Gwendolyn B. Bennett, Biographical Note in "Caroling Dusk" (1927)
While she was in attendance there she was a member of the Felter Literary Society and the Girls' High School
Dramatic Society, being the first Negro girl to have been elected to either of these societies. In an open contest
she was awarded the first prize for a poster bearing the slogan Fresh Air Prevents Tuberculosis.
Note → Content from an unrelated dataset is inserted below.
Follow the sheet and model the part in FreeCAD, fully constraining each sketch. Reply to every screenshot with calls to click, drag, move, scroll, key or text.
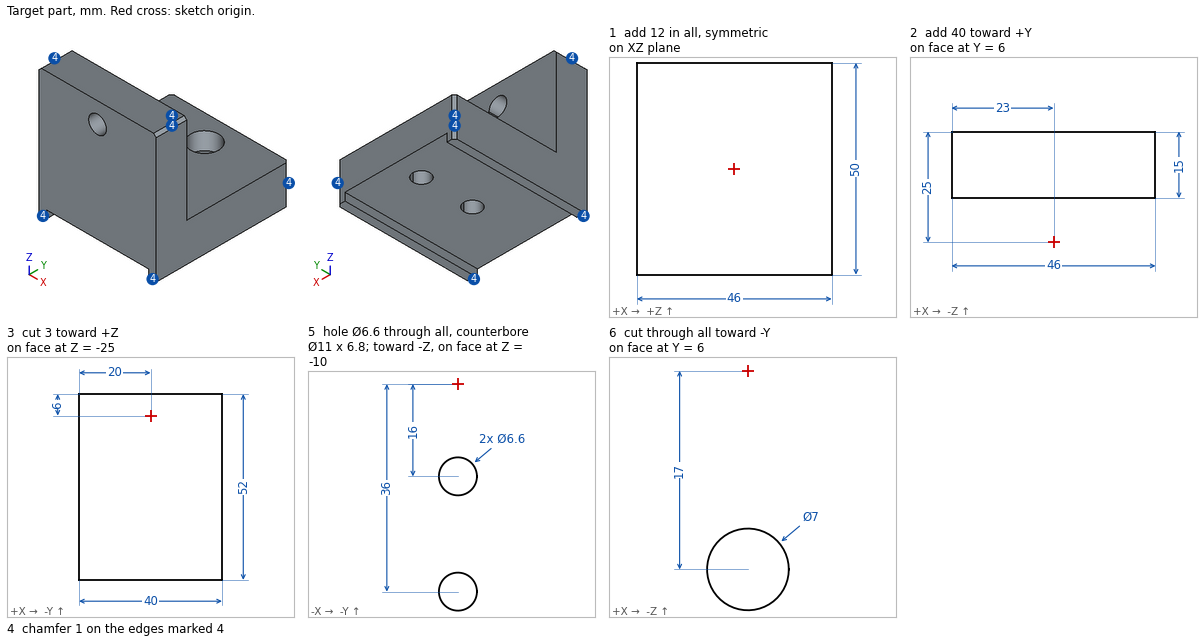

She matriculated in the Fine Arts Department of Teachers' College, Columbia University, where she remained for two years. She then entered the Normal Art Course at Pratt Institute, Brooklyn, New York. She was the author of her class play each of the two years she was there. In her Junior Year she played the leading part in the play which she had herself written. She was graduated from Pratt Institute June 1924. She then became a member of the Howard University Faculty in Fine Arts as Instructor in Design, Water-color and Crafts. During the Christmas holidays of the school year 1924-25 Miss Bennett was awarded the Thousand Dollar Foreign Scholarship by the Alpha Sigma Chapter of the Delta Sigma Theta Sorority at its Annual Convention held in New York City.
She sailed for Cherbourg, France on June fifteenth, 1925. While in Paris she studied at the Académie Julian,
The Académie Coloraossi and the École de Pantheon. Through the influence of Konrad Bercovici she was thrown in contact with the artist, Frans Masereel, one of France's best known modern painters. M. and Mme. Masereel offered Miss Bennett the hospitality of their home and together with their circle of friends did much to encourage her in her work while in Paris. She returned to America during June 1926.
For the summer of 1926 she was employed at the Opportunity magazine where she acted in the capacity of Assistant to the Editor. September 1926 she returned to Howard University where she resumed her classroom
work after a year's leave of absence.